20 German Cities To Visit

1- Berlin

Berlin Downtown City Skyline aerial view
Berlin is at the top of the list of the biggest cities in Germany.

Berlin is famous for the Berlin Wall, which divided the city into East Berlin and West Berlin.

After the wall came down in 1989, Berlin became the capital of Germany and is the largest city in the European Union, with four million inhabitants.

A must-see for any visitor to Berlin is the 18th-century Brandenburg Gate, once a symbol of the German Division.

Now, it represents reunification and is located in the city’s centre in one of the most beautiful squares in Berlin, Pariser Platz.

The Reichstag, which is now the home of the German Parliament, is worth a visit.

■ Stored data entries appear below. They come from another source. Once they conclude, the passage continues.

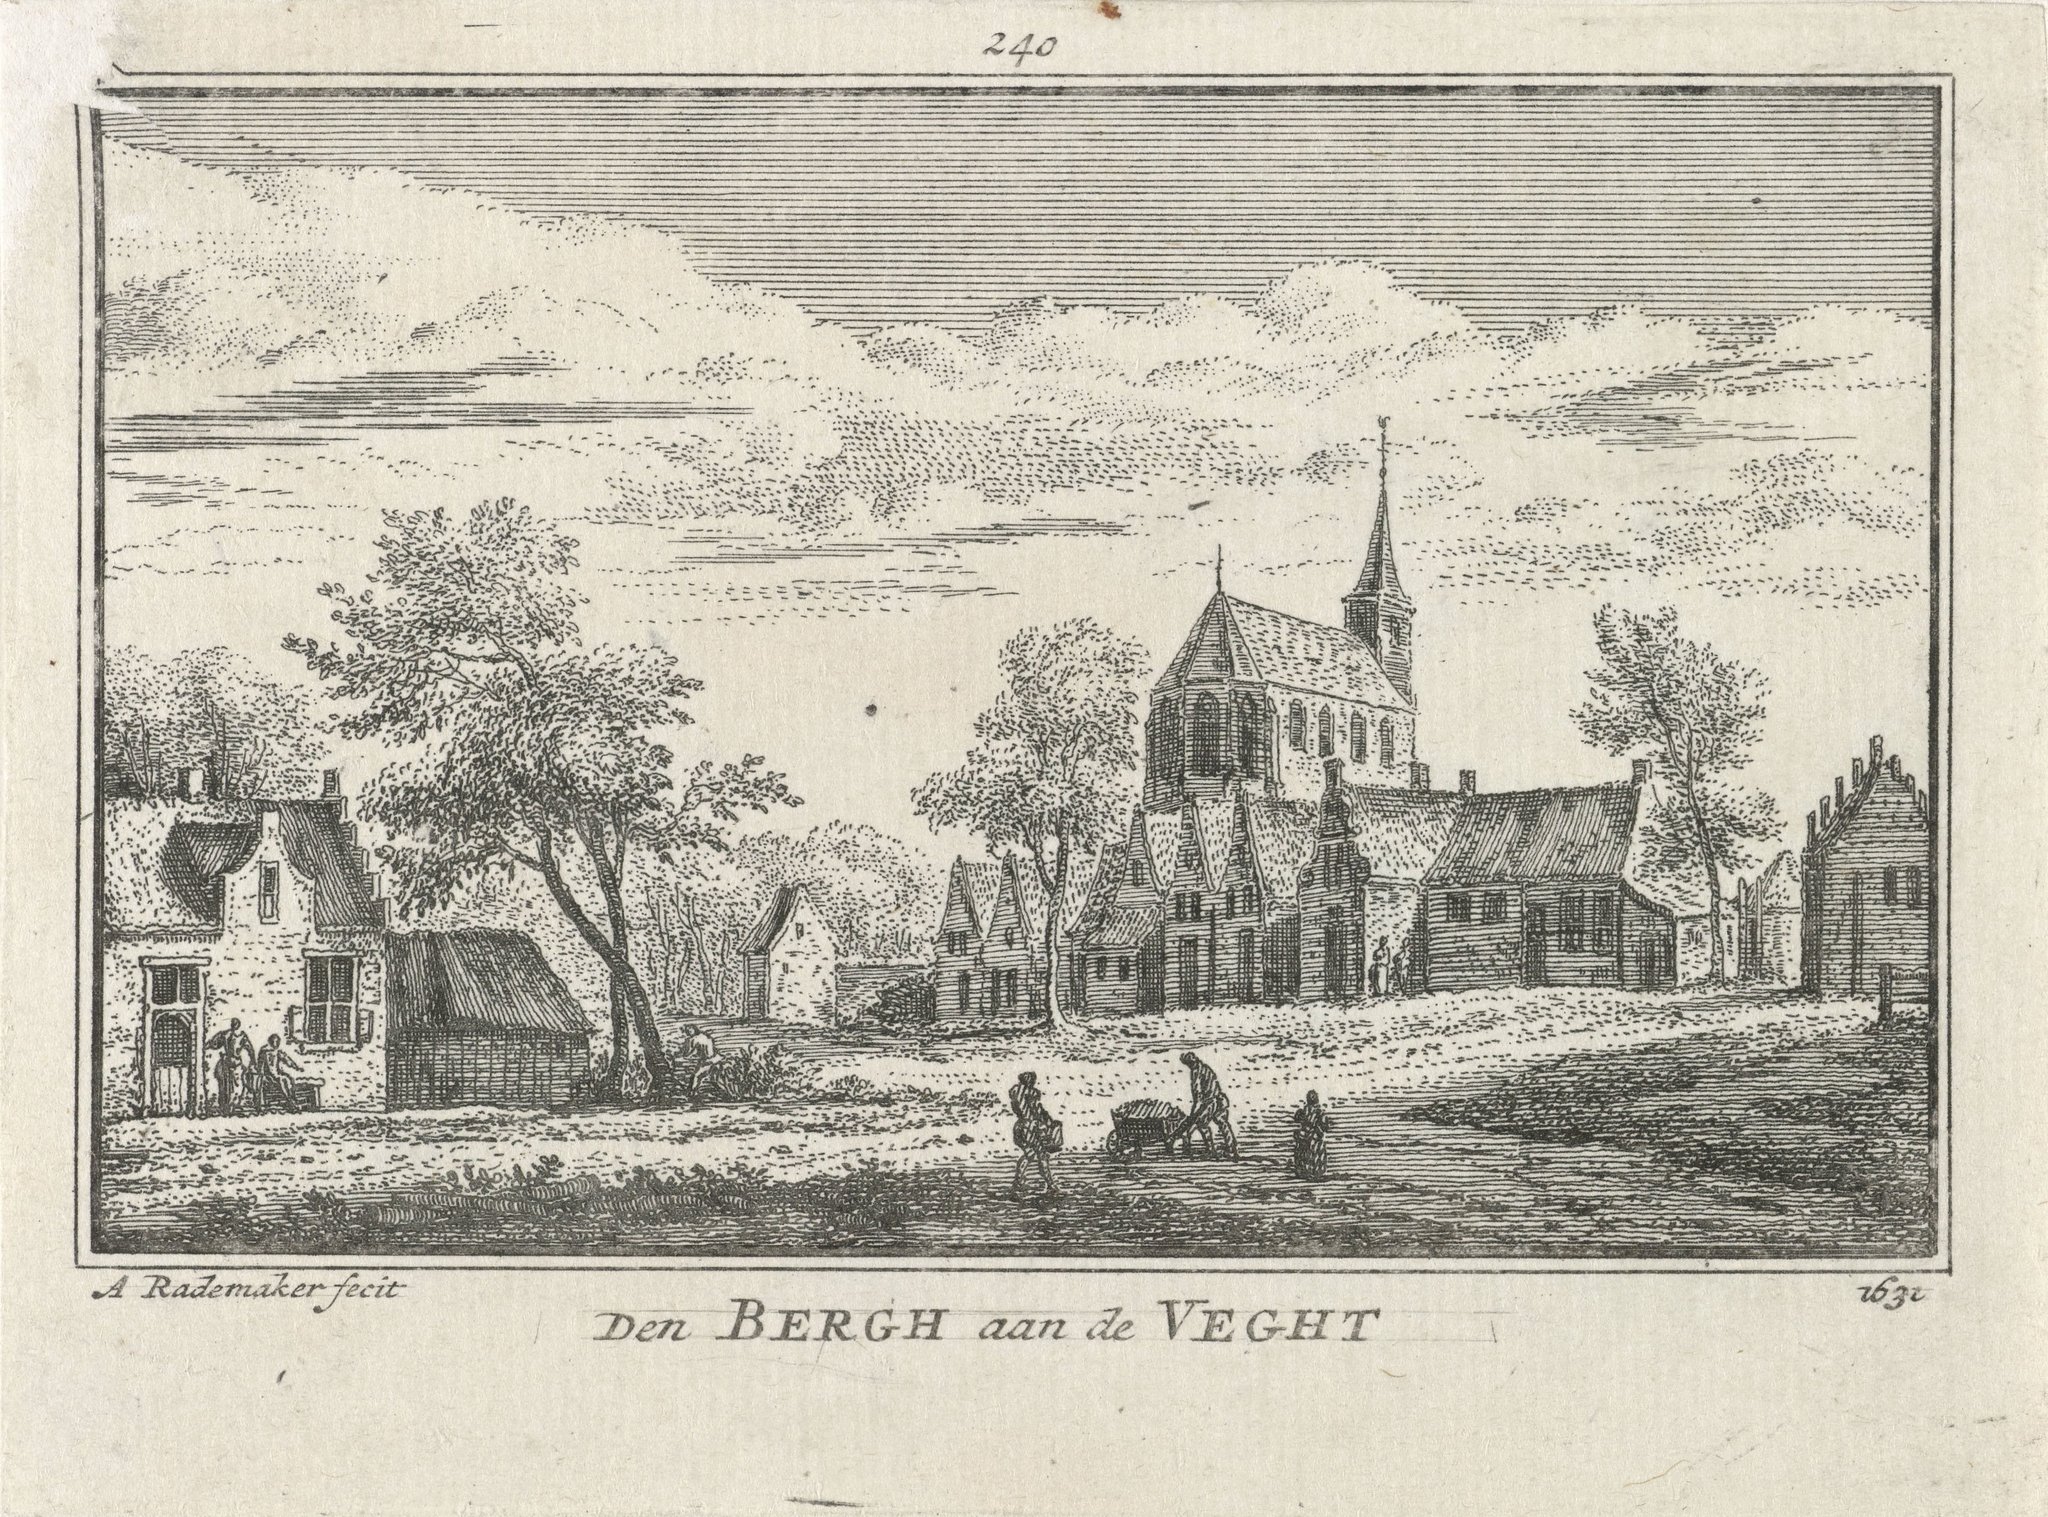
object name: book illustration
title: Gezicht op Nederhorst den Berg, 1631
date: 1727-1733
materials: paper
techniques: etching
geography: amsterdam
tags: church (exterior), nederhorst den berg
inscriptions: collector's mark: Lugt 2228
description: Illustratie uit: Abraham Rademaker, Matthaeus Brouërius van Niedek, Isaac Le Long, Kabinet van Nederlandsche en Kleefsche outheden en (...) voorname stads- en landgebouwen, Willem Barents en Antoni Schoonenburg: Amsterdam, 1727-1733, ill. nr. 240.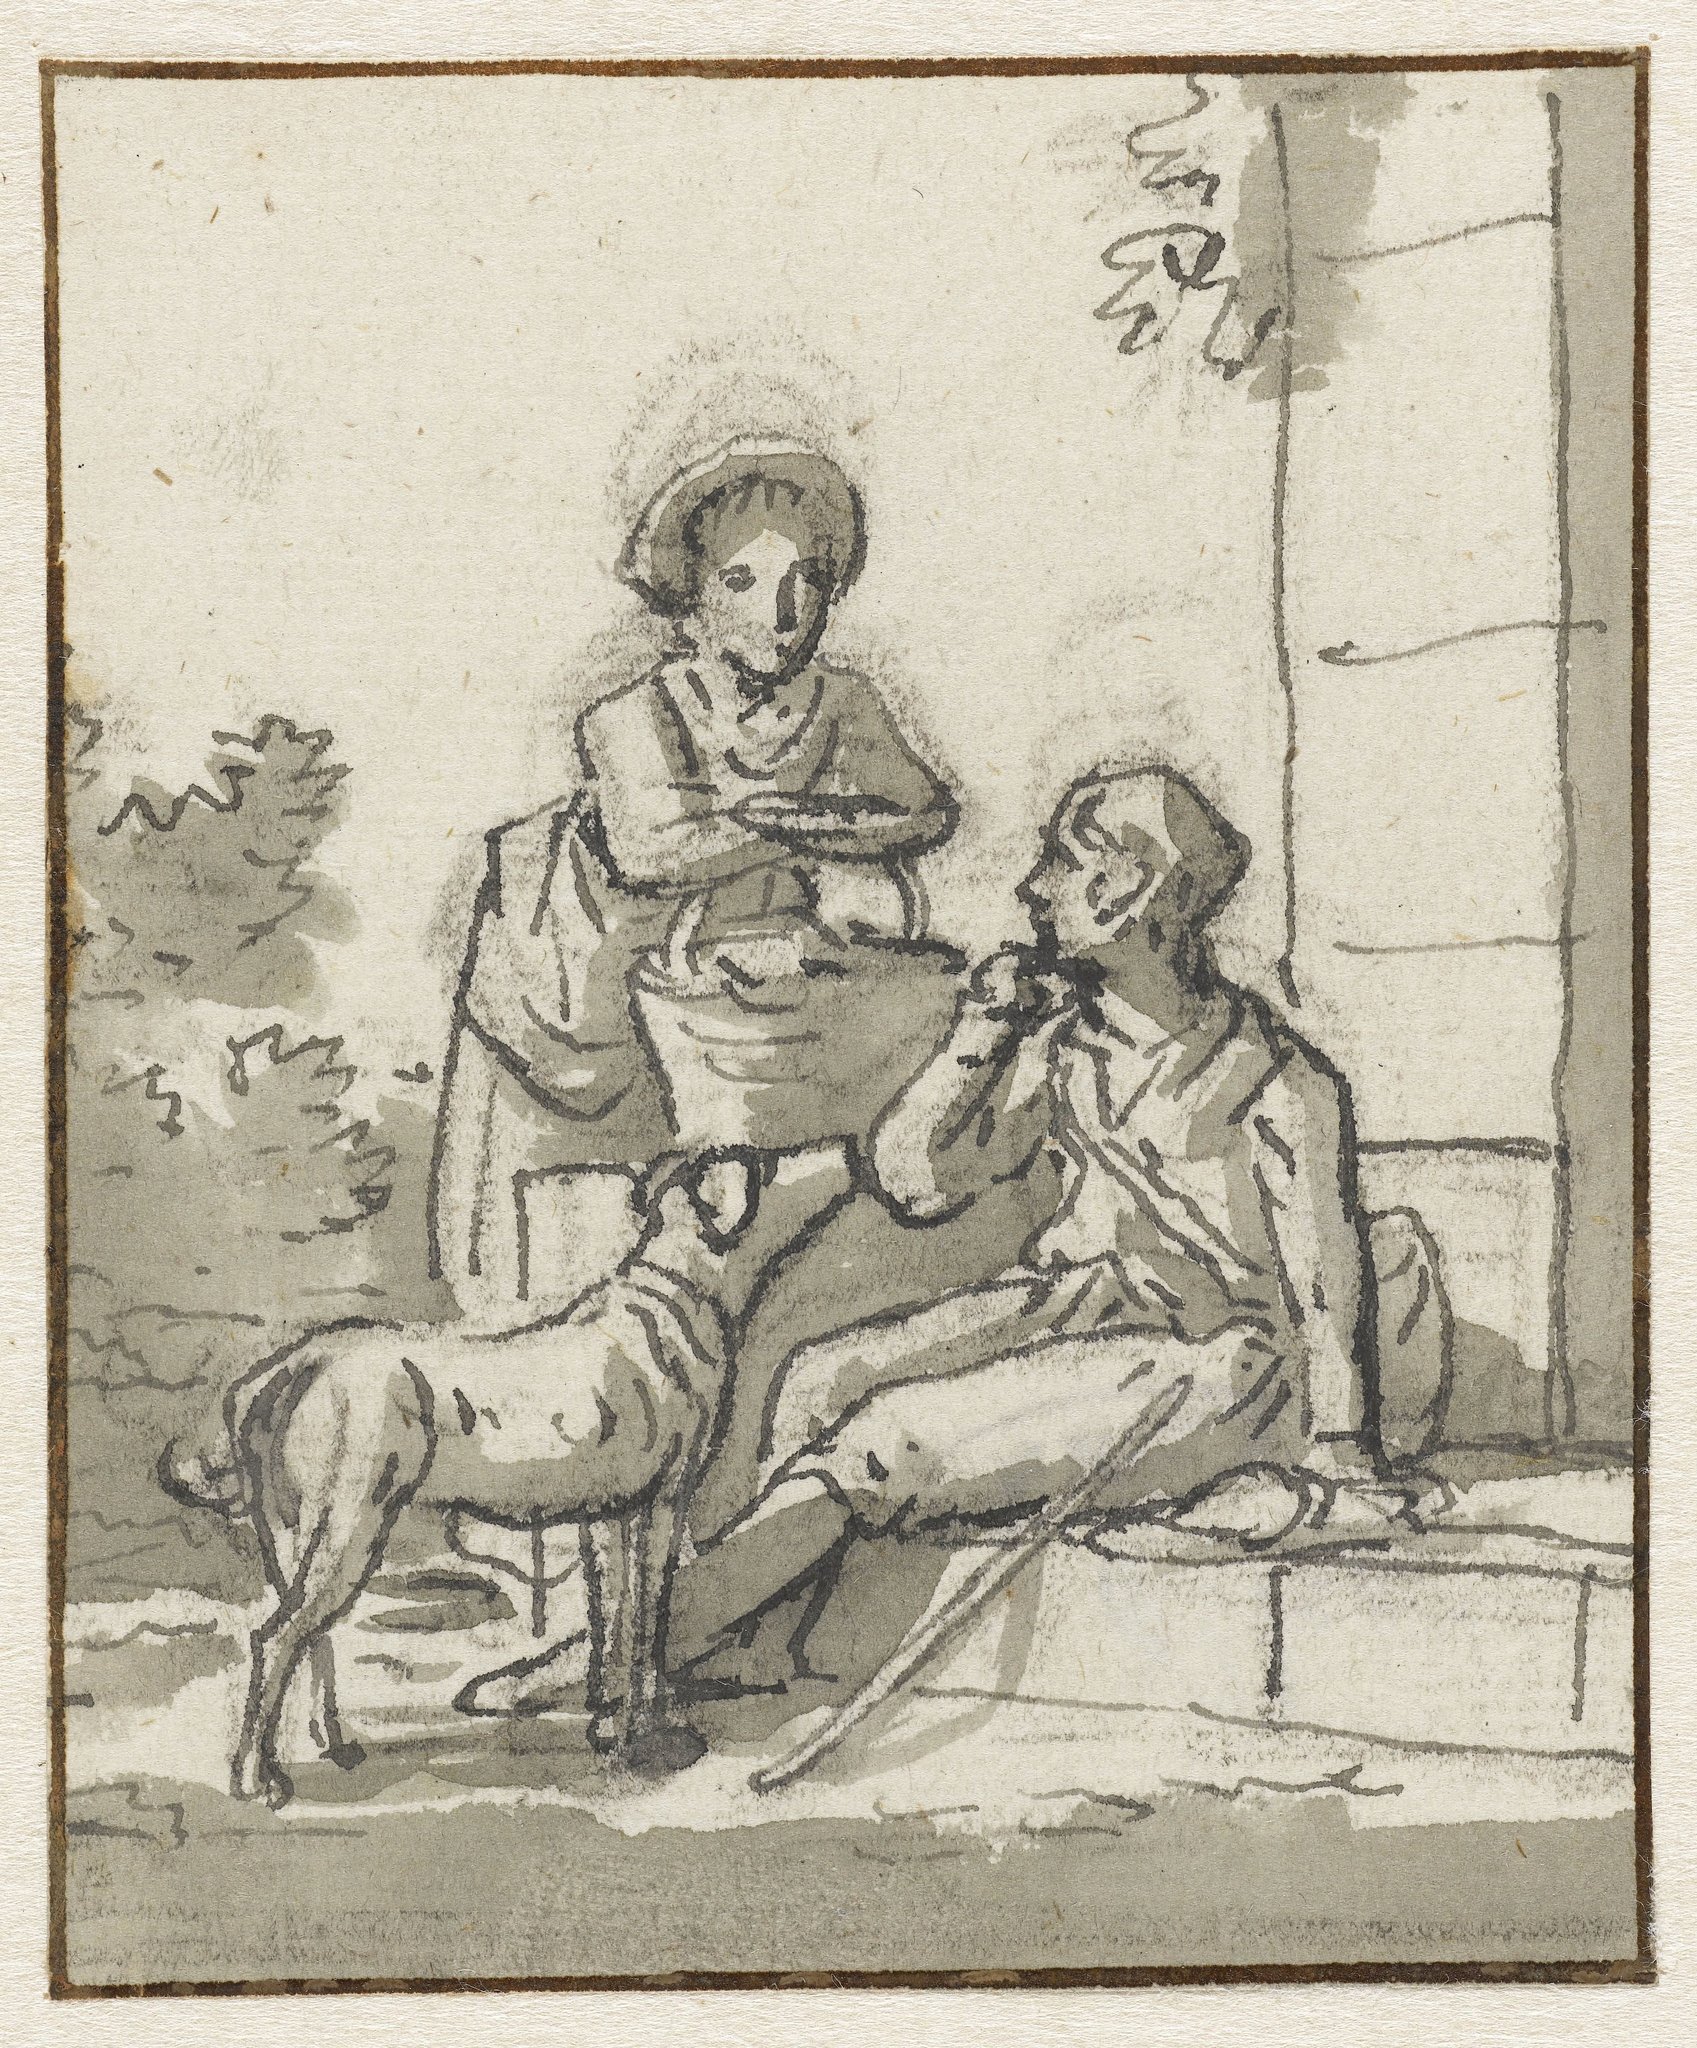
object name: drawing
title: Staande vrouw bij zittende man met hond
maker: jurriaan andriessen
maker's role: draughtsman, painter
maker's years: 1742-1819
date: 1752-1819
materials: chalk, ink, paper
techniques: brush, pen
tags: dog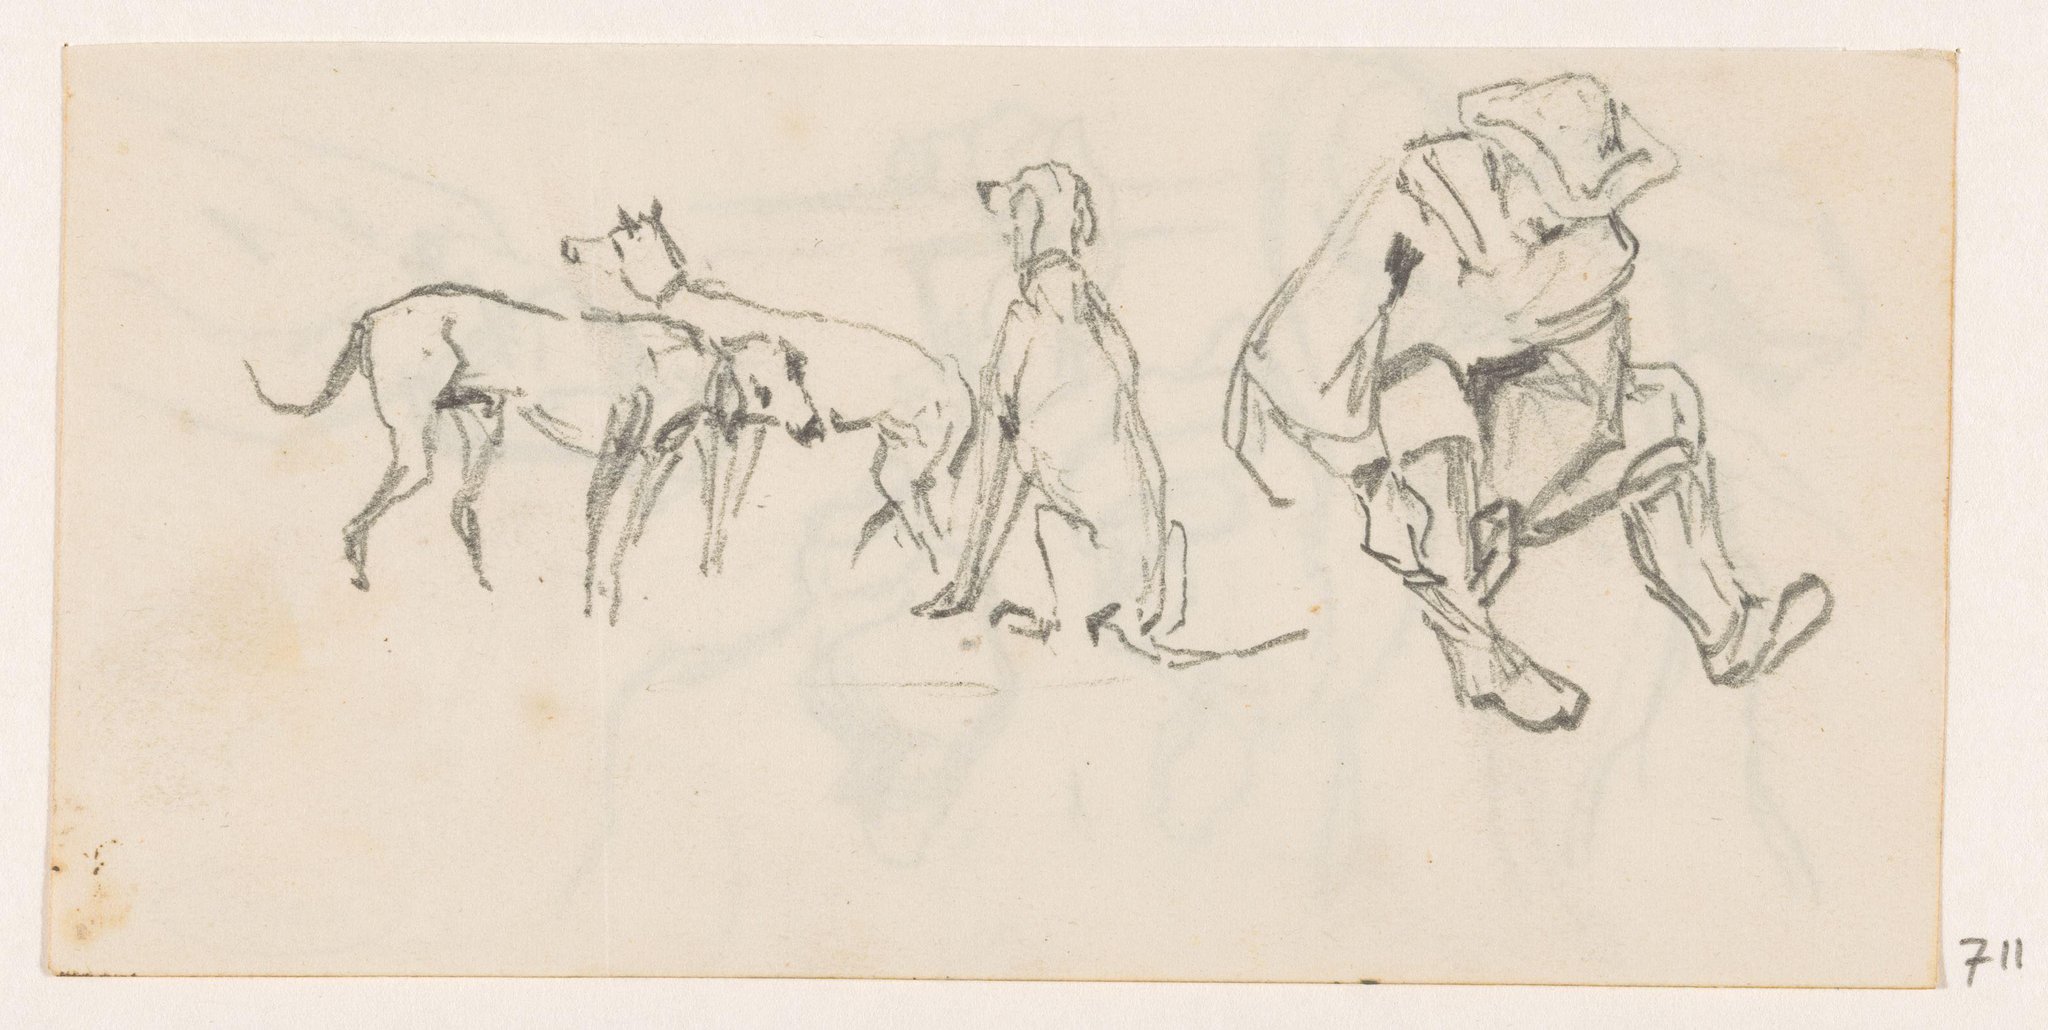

Much of it was burnt down in 1933 but was restored after Germany’s reunification and you can climb to the spectacular dome on the top for amazing views of Berlin.

Berlin is home to many museums and art galleries.

If this interests you, don’t miss going to Museum Island in the historic heart of the city.

There are five museums containing archaeological finds and artwork.

The Altes Museum is a UNESCO World Heritage Site and houses ancient Roman and Greek antiquities found by German archaeologists.

Close to the museums is the 15th-century Berlin Cathedral, the largest cathedral in Berlin and where you can visit the crypts below and climb to the top for views over the city.

For a taste of the outdoors, go to Tiergarten in the city’s centre.

It is to Berlin what Central Park is to New York and covers 519 acres (210 ha).

Berlin’s nightlife scene is one of the best in Europe, so head to the Bohemian district of Kreuzberg for the trendiest cafes, Turkish restaurants and bars.

Just outside the city is Charlottenburg Palace, the largest castle in Germany.

You can visit the lavish apartments during the day and, in the evening, go for a concert and dinner with the Berlin Residence Orchestra.

At Christmas, it hosts a magical Christmas market.

The Reichstag is at Platz der Republik 1 11011. Berlin Cathedral is at Am Lustgarten 10178.

Top tours:

2- Munich

Munich Skyline With Marienplatz Town Hall
Munich is one of the best cities in Germany to visit for Bavarian architecture and beer.

Munich, known for Oktoberfest, is the capital of Bavaria.

It was established by Benedictine monks in the 1100s and the Altstadt (Old Town) is an excellent place to begin your visit.

In the central square, the Marienplatz, you will find the Neo-Gothic Neues Rathaus (new town hall) with the famous Glockenspiel.

It has a total of 43 bells and 32 figures that come to life three times a day from March to October, telling stories about the history of Munich.

The show lasts 15 minutes and ends with the golden bird at the top emerging and chirping three times. In the winter, there is a Christmas market in the square.

While visiting Munich, you should go to the Royal Residenz, one of Europe’s greatest residences and served as Germany’s royal residence and seat of government from 1508 to 1918.

The complex houses 10 courtyards and 130 rooms, all filled with history.

If you like to shop, stroll along the Maximillianstrasse, the most expensive street in Germany.

Nearly all the international luxury fashion and jewellery labels are represented here.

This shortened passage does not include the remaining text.